Tip #8 Plan for a no
We Singaporeans are no stranger to pragmatism and that’s what we’re preaching here. It’s not enough to go into the meeting thinking that this is anything less than a negotiation. Try thinking of reasons that you might be refused a raise and then think of reasons to refute them.
Be armed with counter arguments if (or when) your boss challenges your request. And pro-tip: Phrase your responses in a way that show you’re not only considering your needs but the company’s too.
Tip #9 Think long term
Another way to boost your chances is to tell your boss what’s in it for the company if you should get a raise. Don’t just talk about what you’ve done but what you can do to further improve your, and by extension, the company’s performance, which is where the money (and your boss’ mind) is at.

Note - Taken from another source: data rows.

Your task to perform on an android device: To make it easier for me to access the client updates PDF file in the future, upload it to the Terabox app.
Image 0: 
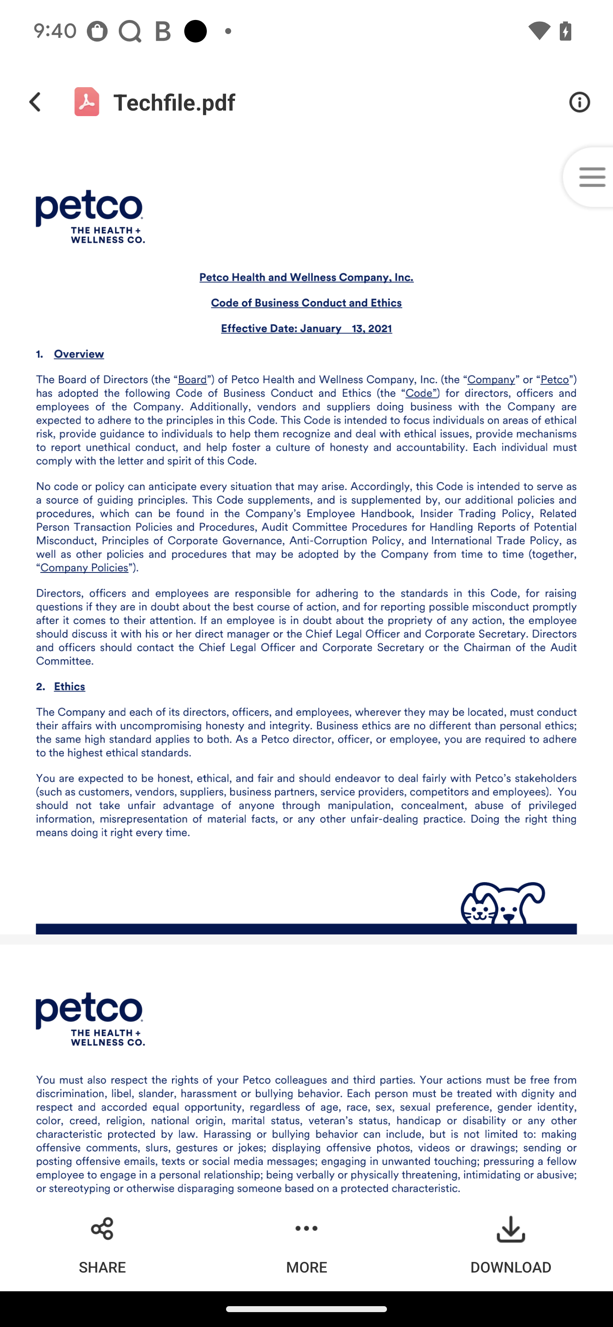
Click on the back button at the left top corner of the screen
Step 0: click (36, 95)
Image 1: 
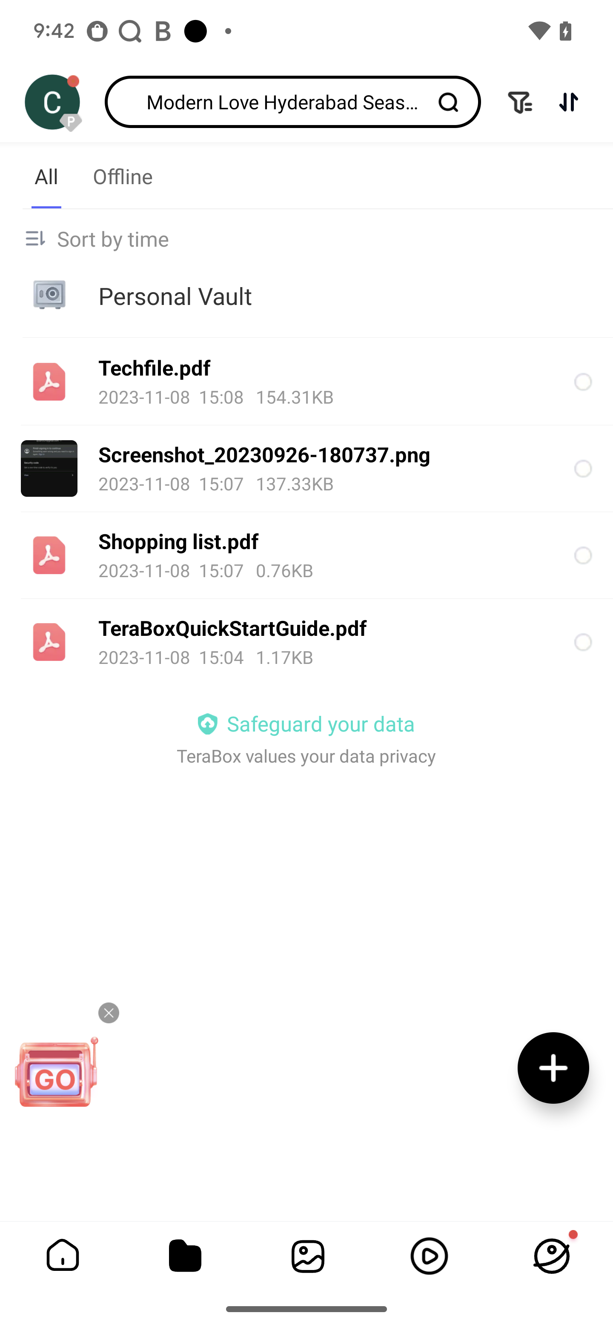
Click on the add icon to upload a new file
Step 1: click (557, 1068)
Image 2: 
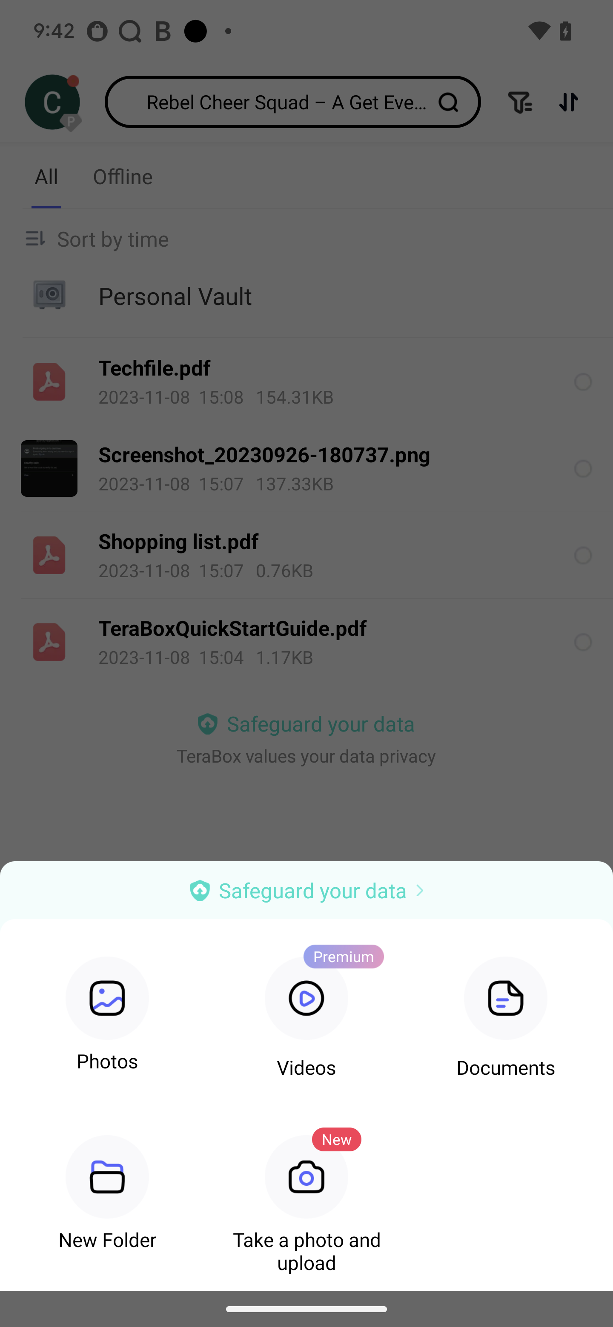
Click on the documents 
Step 2: click (505, 1019)
Image 3: 
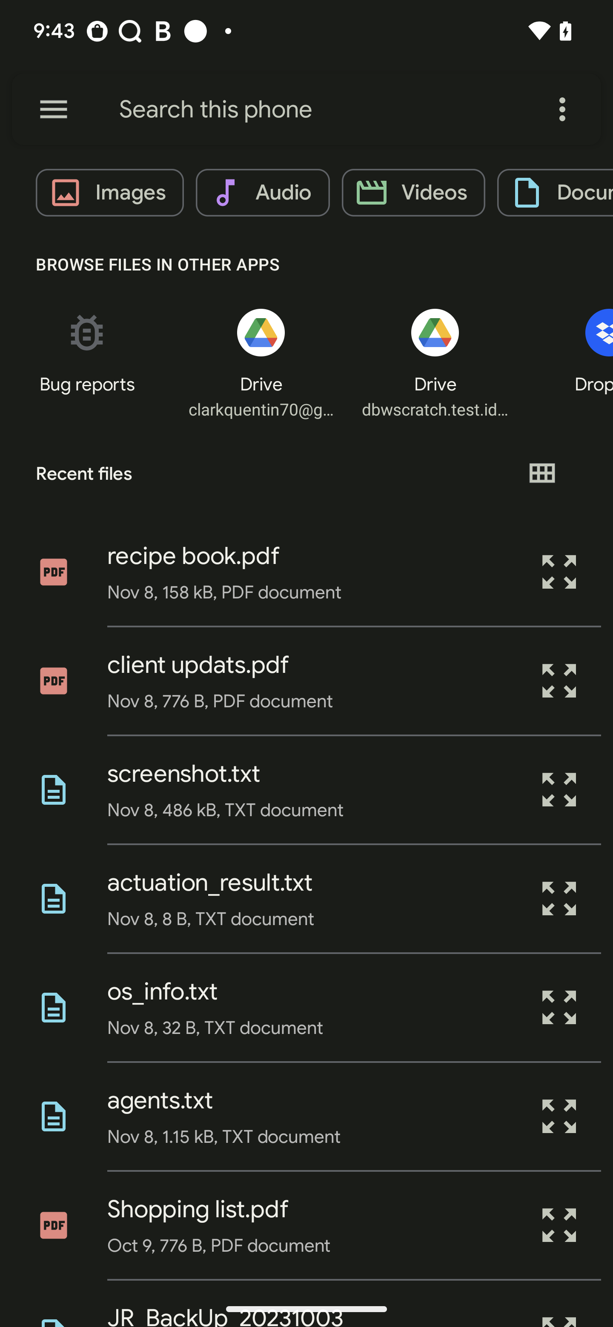
Click on the client updates 
Step 3: click (198, 665)
Image 4: 
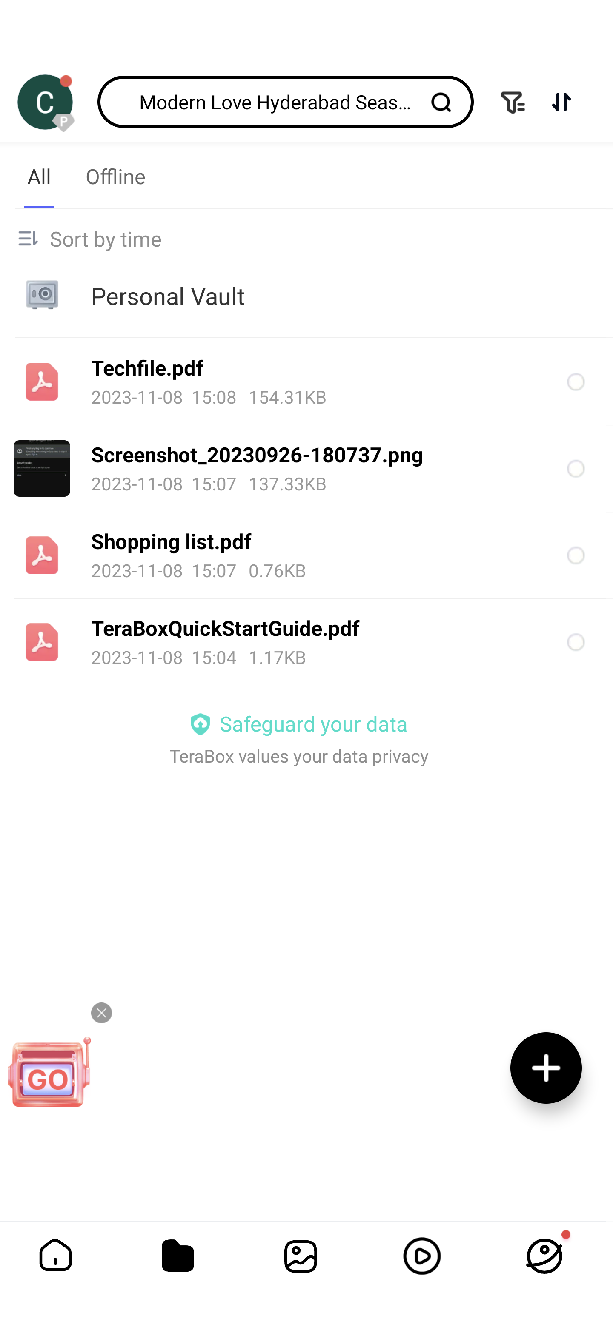
Click on the client updates 
Step 4: wait

Plus, it’ll show the company you’re a loyal worker worthy of their investment! We’ll admit, this is a little bit ‘extra’, but hey, you’ve gotta do what it takes, right?
Tip #10 Don't quit
If you truly are planning on staying in the company, then try not to sabotage your chances, or relationships, by threatening to move or quit. It may sound like a good idea until you’re called out for it. This might also diminish your chances to get further training opportunities should your boss take it the wrong way.

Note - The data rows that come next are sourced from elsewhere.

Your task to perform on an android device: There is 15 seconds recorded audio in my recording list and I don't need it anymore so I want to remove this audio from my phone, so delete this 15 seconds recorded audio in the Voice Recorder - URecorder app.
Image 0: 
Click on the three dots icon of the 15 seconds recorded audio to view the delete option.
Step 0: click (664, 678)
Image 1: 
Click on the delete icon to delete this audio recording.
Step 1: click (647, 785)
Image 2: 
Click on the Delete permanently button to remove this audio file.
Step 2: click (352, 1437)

Of course, if you are only after a pay raise and don’t mind actually leaving the job, then by all means, be sure to bring up that sweet offer from the competitor – but be prepared to leave is all we’re saying!
Tip #11 Set new targets
So your boss says no. Refuses you flat out and you’re just not ready to move on. Now what?
You may or may not get your desired pay raise even if you ask sometimes, but don’t be discouraged because a ‘no’ now is not a ‘no’ forever! Maybe your boss thinks it’s not the right time yet. Regardless, it’s important to avoid being emotional and to maintain professionalism through the talk. Take a few breaths and don’t be rash. Instead of threatening to quit, try requesting for an appraisal. Sometimes your company just might not be doing well enough to justify giving you a raise (read Tip #2).
You can take the chance to ask for valuable feedback about your skills and performance, and set goals with your boss and deadlines so you can revisit this whole pay-raise talk in time to come. If you wish, you can also request for sponsorship for courses that can help you increase your skills set and contribute to the company.
Be proactive in making sure you’re on the radar for when it’s possible. A performance appraisal doesn’t just show your confidence in your skills or your commitment to the company, it may also open doors to other forms of opportunities or rewards. Getting ahead is all in the strategy, ladies!
Most importantly, though, never be afraid to ask for a raise if you think you deserve it. Just as we don’t have time for the men who won’t notice our brilliance, your bosses might fail to recognise your achievements. So go forth and start demanding more, ladies. We’re right behind you.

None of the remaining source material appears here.